It is now widely accepted that most microorganisms live within communities and not as single cells. The interaction between species within the community drives the behaviour of the population and its adaptation to various ecosystems and hosts. This relatively recent concept has triggered the emergence of a whole research field in Microbiology aiming at understanding the structure and organisation of bacterial biofilms combined with the detail of microbiome composition and evolution. Researchers also joined forces in what is a multidisciplinary field of investigation calling for knowledge from basic microbiology to surface chemistry and all the way to advanced omics and microscopy methodologies. The National Biofilms Innovation Centre was launched in 2017 to address the impact of biofilms on global challenges from antimicrobial resistance and food safety to water security by bringing together UK research and businesses to drive the translation of biofilm research into innovative solutions.

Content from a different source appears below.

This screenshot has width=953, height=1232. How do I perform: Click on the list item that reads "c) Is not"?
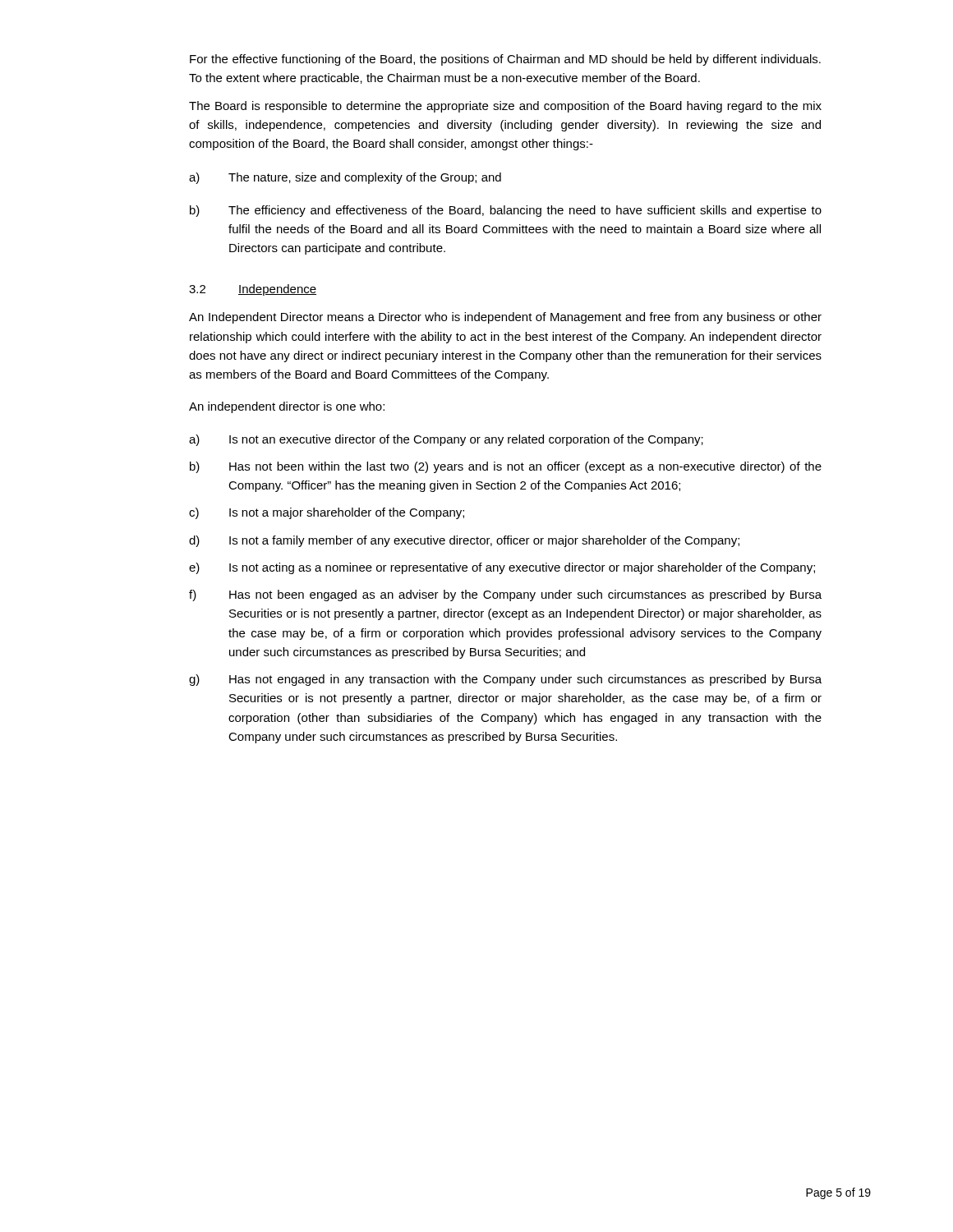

Since its creation, NBIC has built a national partnership with 63 UK research institutions and more than 250 companies and an international partnership with biofilms centres across the world including the Centre for Biofilm Engineering (CBE) in the United States (Montana) and the Singapore Centre for Environmental Life Sciences Engineering (SCELSE).

This special collection in npj Biofilms and Microbiomes has been created to review the impact of biofilm across sectors, illustrate some translational research on biofilm carried out by NBIC partners and highlight key issues on the successful translation of biofilm research. The collection addresses the four interventional pillars of NBIC: prevent, detect, manage and engineer.

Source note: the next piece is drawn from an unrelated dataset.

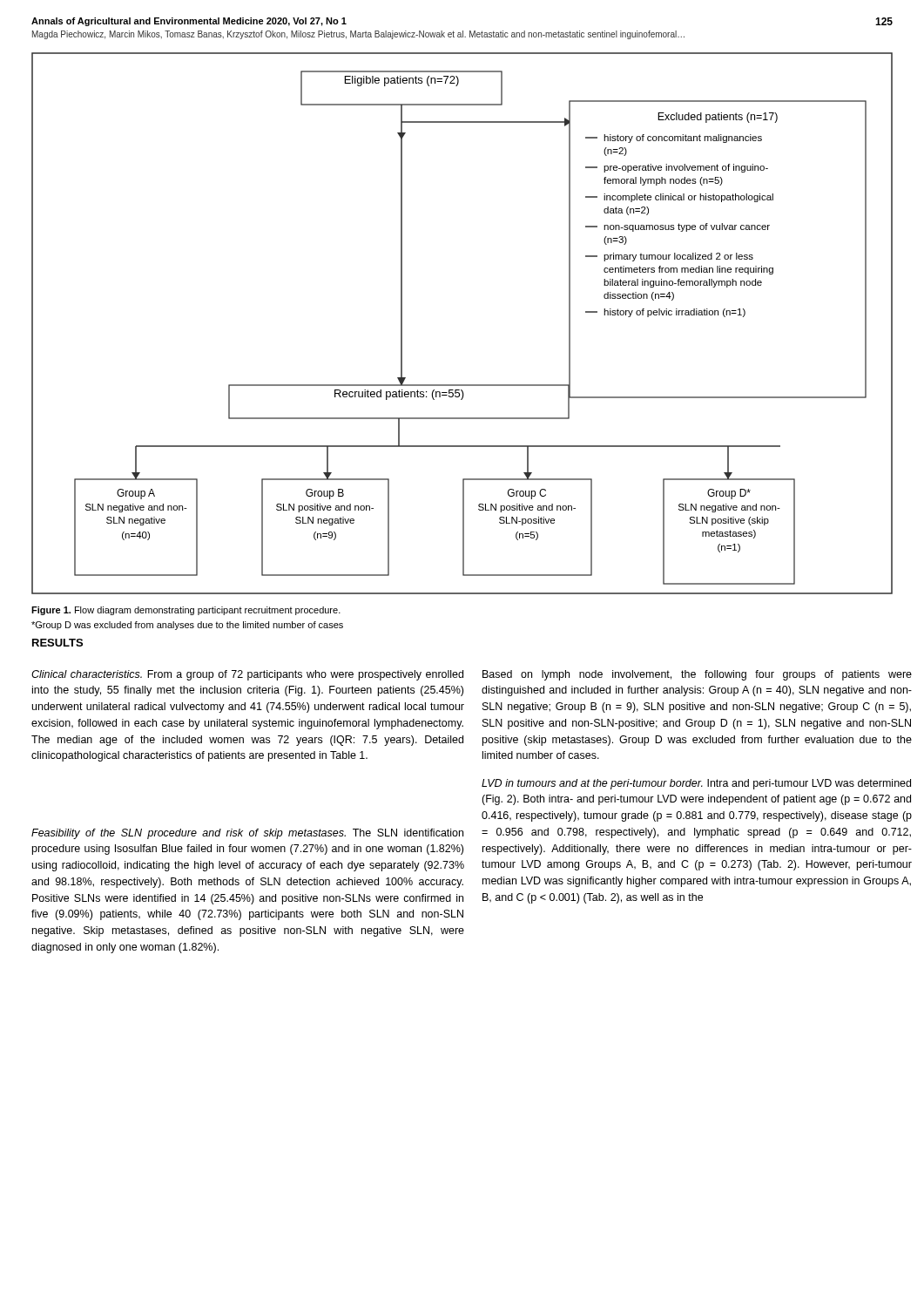Image resolution: width=924 pixels, height=1307 pixels.
Task: Click on the region starting "Clinical characteristics. From a group of 72"
Action: pos(248,715)

Biofilms have an economic impact of 5Tn USD ($) per year across multiple sectors, as detailed in perspective by Camara et al.1, with biofilms being central to some of the most important global challenges. Addressing these challenges through the above interventional pillars opens endless opportunities for growth by harnessing and controlling the biological activities of complex biofilms.

The Prevent theme focuses on the prevention of early stage microbial adhesion and colonisation events at surfaces and interfaces and curtailing the development and maturation of early stage biofilms. The two main approaches used to prevent biofilm formation are through early microbial killing or preventing the establishment of the biofilm in the first place. This collection shows two examples of these approaches. The work from Barbieri et al.2 uses a simple way to functionalise a common silicon-based polymer utilised in biomedical and industrial applications for the slow release of antimicrobials already approved for human use. This modified polymer can drastically reduce the ability of bacteria to colonise these surfaces providing a scalable new alternative for the functionalisation of catheters, dressings and in-dwelling medical devices to existing strategies, such as the in situ generation of silver nanoparticles3. In another study, Pentland et al.4 show that C. albicans uses CO2 found in the host environment to promote its ability to colonise and compete for nutrients. These findings reveal that the design of therapeutic interventions targeting CO2 utilisation could be used as a new approach to prevent C. albicans biofilm formation in high CO2 environments paving the way for new therapeutic approaches against infections caused by this organism.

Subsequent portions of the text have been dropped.